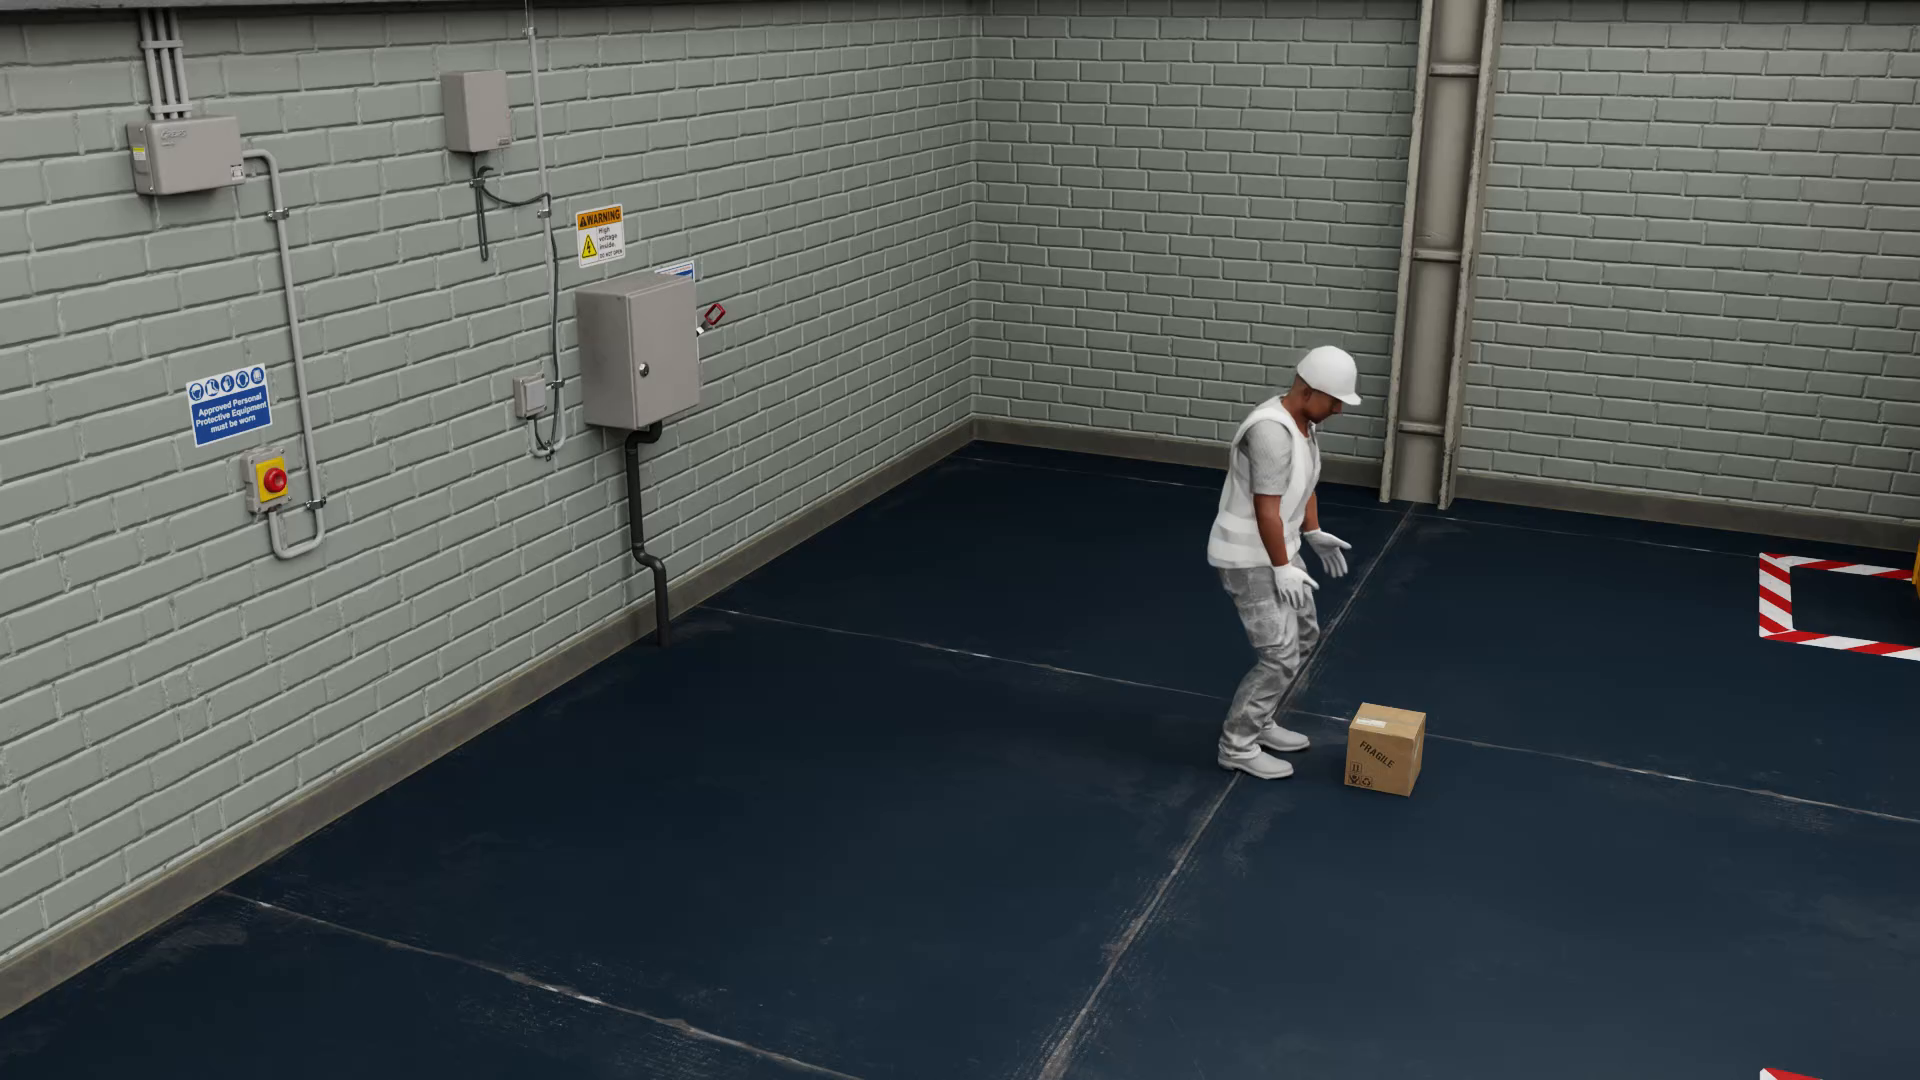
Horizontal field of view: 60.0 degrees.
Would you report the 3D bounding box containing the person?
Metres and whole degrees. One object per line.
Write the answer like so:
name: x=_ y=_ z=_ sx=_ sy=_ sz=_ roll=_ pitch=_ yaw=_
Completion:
person: x=1.247 y=0.067 z=6.478 sx=0.517 sy=1.695 sz=0.584 roll=9 pitch=21 yaw=24

════

Note every line in the material with "degrees" and copy it.

Horizontal field of view: 60.0 degrees.
Metres and whole degrees. One object per line.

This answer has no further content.